Would you be able to provide me a hint / solution using do notation ? I am a beginning with the do notation and the "conditional logic" as well as looping is too complex for me at the moment.

Thank you so much

CodePudding user response:

With only do-notation and conditional statements I found the following solution:

readUntil :: (String -> Bool) -> IO [String]          
readUntil f = do x <- getLine; 
                 if f x then (return []) else (do k <- readUntil f
                                                  return (x : k))

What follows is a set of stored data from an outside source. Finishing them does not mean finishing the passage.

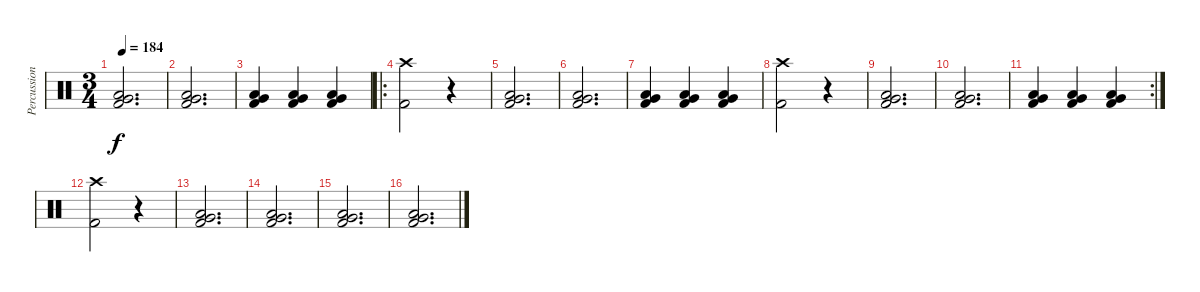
\track ("Percussions" "Percussion") {instrument percussion}
\staff {score}
\articulation defaults
\ts (3 4)
\tempo 184
\clef neutral
\ks c
("Low Floor Tom (hit)" "Very Low Tom (hit)" "Kick (hit) 2").2{d dy f} |
("Low Floor Tom (hit)" "Very Low Tom (hit)" "Kick (hit) 2").2{d} |
("Low Floor Tom (hit)" "Very Low Tom (hit)" "Kick (hit) 2").4 ("Low Floor Tom (hit)" "Very Low Tom (hit)" "Kick (hit) 2").4 ("Low Floor Tom (hit)" "Very Low Tom (hit)" "Kick (hit) 2").4 |
\ro
("Crash high (hit)" "Kick (hit) 2").2 r.4 |
("Low Floor Tom (hit)" "Very Low Tom (hit)" "Kick (hit) 2").2{d} |
("Low Floor Tom (hit)" "Very Low Tom (hit)" "Kick (hit) 2").2{d} |
("Low Floor Tom (hit)" "Very Low Tom (hit)" "Kick (hit) 2").4 ("Low Floor Tom (hit)" "Very Low Tom (hit)" "Kick (hit) 2").4 ("Low Floor Tom (hit)" "Very Low Tom (hit)" "Kick (hit) 2").4 |
("Crash high (hit)" "Kick (hit) 2").2 r.4 |
("Low Floor Tom (hit)" "Very Low Tom (hit)" "Kick (hit) 2").2{d} |
("Low Floor Tom (hit)" "Very Low Tom (hit)" "Kick (hit) 2").2{d} |
\rc 2
("Low Floor Tom (hit)" "Very Low Tom (hit)" "Kick (hit) 2").4 ("Low Floor Tom (hit)" "Very Low Tom (hit)" "Kick (hit) 2").4 ("Low Floor Tom (hit)" "Very Low Tom (hit)" "Kick (hit) 2").4 |
("Crash high (hit)" "Kick (hit) 2").2 r.4 |
("Low Floor Tom (hit)" "Very Low Tom (hit)" "Kick (hit) 2").2{d} |
("Low Floor Tom (hit)" "Very Low Tom (hit)" "Kick (hit) 2").2{d} |
("Low Floor Tom (hit)" "Very Low Tom (hit)" "Kick (hit) 2").2{d} |
("Low Floor Tom (hit)" "Very Low Tom (hit)" "Kick (hit) 2").2{d}

The function first reads one line with getLine and then checks whether (f x) is true. It then returns just the empty list. We can't just write ... if f x then [] ... because [] has not the type IO [String] but just [String]. To make [] the type IO [String] we can use the function return or pure but with do-notation I use the return function, because it is included in the Monad typeclass. If f x equals False we then use a second do-block to recursively call the function again and again until we get an Input for which f x == True and therefore returns the empty list. The do-notation is necessary because k must have type [String], but readUntil has the type IO [String]. We can't use the : ("cons") operator with object of type IO String and therefore can't generate the list we want. We then add x to the list k of all our other inputs and return it.